**Assignment**. Your task is to copy each line of the records that includes the string "maximum".

**Information provided**.
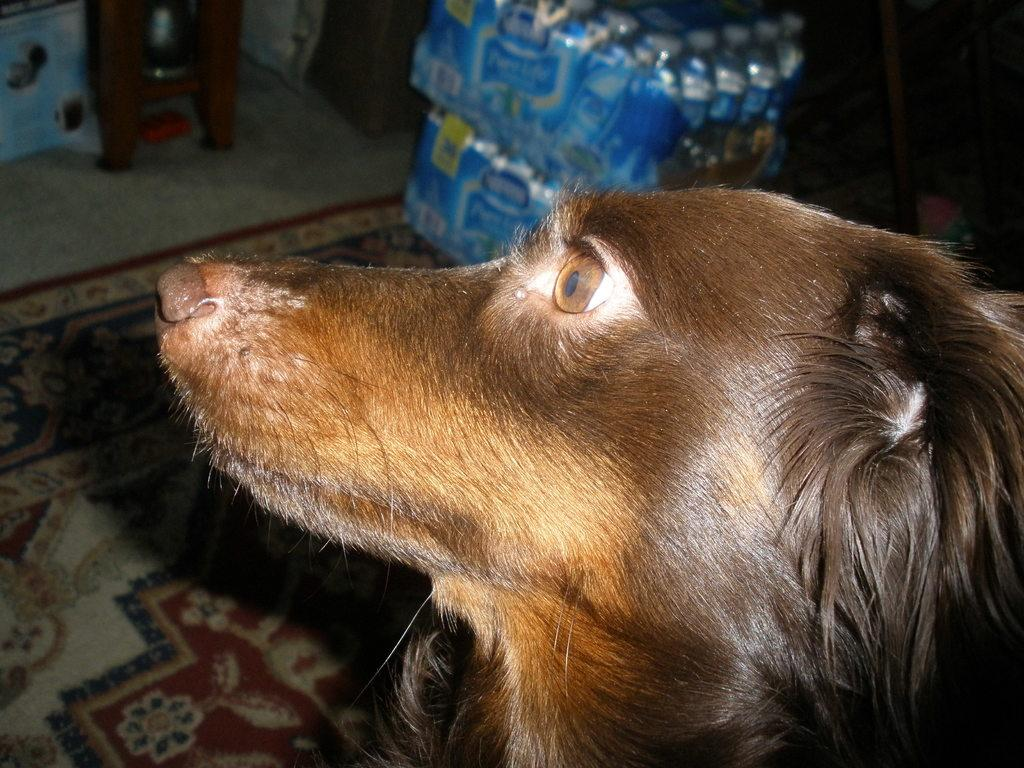What type of animal is present in the image? There is a dog in the image. What objects can be seen in the image besides the dog? There are bottles in the image. Where are the bottles located? The bottles are on a carpet. What type of guitar is being played by the dog in the image? There is no guitar present in the image; it only features a dog and bottles on a carpet. 
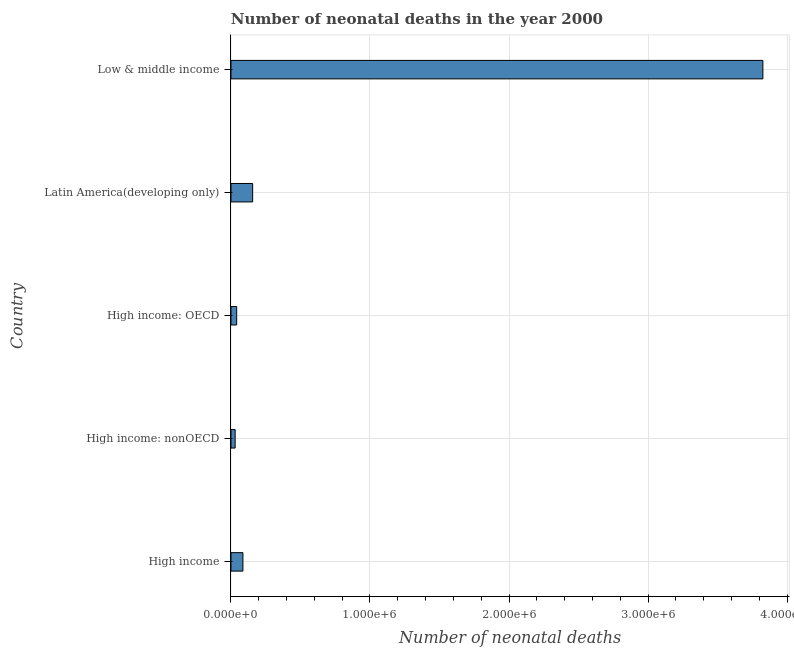Does the graph contain grids?
Offer a terse response. Yes. What is the title of the graph?
Your answer should be very brief. Number of neonatal deaths in the year 2000. What is the label or title of the X-axis?
Keep it short and to the point. Number of neonatal deaths. What is the label or title of the Y-axis?
Provide a short and direct response. Country. What is the number of neonatal deaths in High income: OECD?
Ensure brevity in your answer.  4.10e+04. Across all countries, what is the maximum number of neonatal deaths?
Your answer should be compact. 3.83e+06. Across all countries, what is the minimum number of neonatal deaths?
Make the answer very short. 3.00e+04. In which country was the number of neonatal deaths maximum?
Give a very brief answer. Low & middle income. In which country was the number of neonatal deaths minimum?
Keep it short and to the point. High income: nonOECD. What is the sum of the number of neonatal deaths?
Offer a very short reply. 4.14e+06. What is the difference between the number of neonatal deaths in High income: OECD and Low & middle income?
Keep it short and to the point. -3.79e+06. What is the average number of neonatal deaths per country?
Make the answer very short. 8.28e+05. What is the median number of neonatal deaths?
Ensure brevity in your answer.  8.59e+04. In how many countries, is the number of neonatal deaths greater than 800000 ?
Offer a terse response. 1. What is the ratio of the number of neonatal deaths in High income to that in Latin America(developing only)?
Your answer should be compact. 0.55. Is the number of neonatal deaths in High income: nonOECD less than that in Latin America(developing only)?
Give a very brief answer. Yes. What is the difference between the highest and the second highest number of neonatal deaths?
Offer a very short reply. 3.67e+06. What is the difference between the highest and the lowest number of neonatal deaths?
Your answer should be compact. 3.80e+06. How many bars are there?
Provide a short and direct response. 5. How many countries are there in the graph?
Keep it short and to the point. 5. What is the difference between two consecutive major ticks on the X-axis?
Make the answer very short. 1.00e+06. What is the Number of neonatal deaths in High income?
Your answer should be compact. 8.59e+04. What is the Number of neonatal deaths of High income: OECD?
Give a very brief answer. 4.10e+04. What is the Number of neonatal deaths in Latin America(developing only)?
Your answer should be compact. 1.56e+05. What is the Number of neonatal deaths in Low & middle income?
Give a very brief answer. 3.83e+06. What is the difference between the Number of neonatal deaths in High income and High income: nonOECD?
Offer a very short reply. 5.59e+04. What is the difference between the Number of neonatal deaths in High income and High income: OECD?
Give a very brief answer. 4.49e+04. What is the difference between the Number of neonatal deaths in High income and Latin America(developing only)?
Give a very brief answer. -7.01e+04. What is the difference between the Number of neonatal deaths in High income and Low & middle income?
Provide a short and direct response. -3.74e+06. What is the difference between the Number of neonatal deaths in High income: nonOECD and High income: OECD?
Keep it short and to the point. -1.10e+04. What is the difference between the Number of neonatal deaths in High income: nonOECD and Latin America(developing only)?
Keep it short and to the point. -1.26e+05. What is the difference between the Number of neonatal deaths in High income: nonOECD and Low & middle income?
Offer a terse response. -3.80e+06. What is the difference between the Number of neonatal deaths in High income: OECD and Latin America(developing only)?
Give a very brief answer. -1.15e+05. What is the difference between the Number of neonatal deaths in High income: OECD and Low & middle income?
Provide a succinct answer. -3.79e+06. What is the difference between the Number of neonatal deaths in Latin America(developing only) and Low & middle income?
Make the answer very short. -3.67e+06. What is the ratio of the Number of neonatal deaths in High income to that in High income: nonOECD?
Your answer should be very brief. 2.86. What is the ratio of the Number of neonatal deaths in High income to that in High income: OECD?
Provide a short and direct response. 2.1. What is the ratio of the Number of neonatal deaths in High income to that in Latin America(developing only)?
Provide a succinct answer. 0.55. What is the ratio of the Number of neonatal deaths in High income to that in Low & middle income?
Offer a very short reply. 0.02. What is the ratio of the Number of neonatal deaths in High income: nonOECD to that in High income: OECD?
Your answer should be very brief. 0.73. What is the ratio of the Number of neonatal deaths in High income: nonOECD to that in Latin America(developing only)?
Your answer should be very brief. 0.19. What is the ratio of the Number of neonatal deaths in High income: nonOECD to that in Low & middle income?
Make the answer very short. 0.01. What is the ratio of the Number of neonatal deaths in High income: OECD to that in Latin America(developing only)?
Offer a terse response. 0.26. What is the ratio of the Number of neonatal deaths in High income: OECD to that in Low & middle income?
Give a very brief answer. 0.01. What is the ratio of the Number of neonatal deaths in Latin America(developing only) to that in Low & middle income?
Ensure brevity in your answer.  0.04.

**The answer**.
Ensure brevity in your answer.  4.10e+04. Across all countries, what is the maximum number of neonatal deaths?
Make the answer very short. 3.00e+04. In which country was the number of neonatal deaths maximum?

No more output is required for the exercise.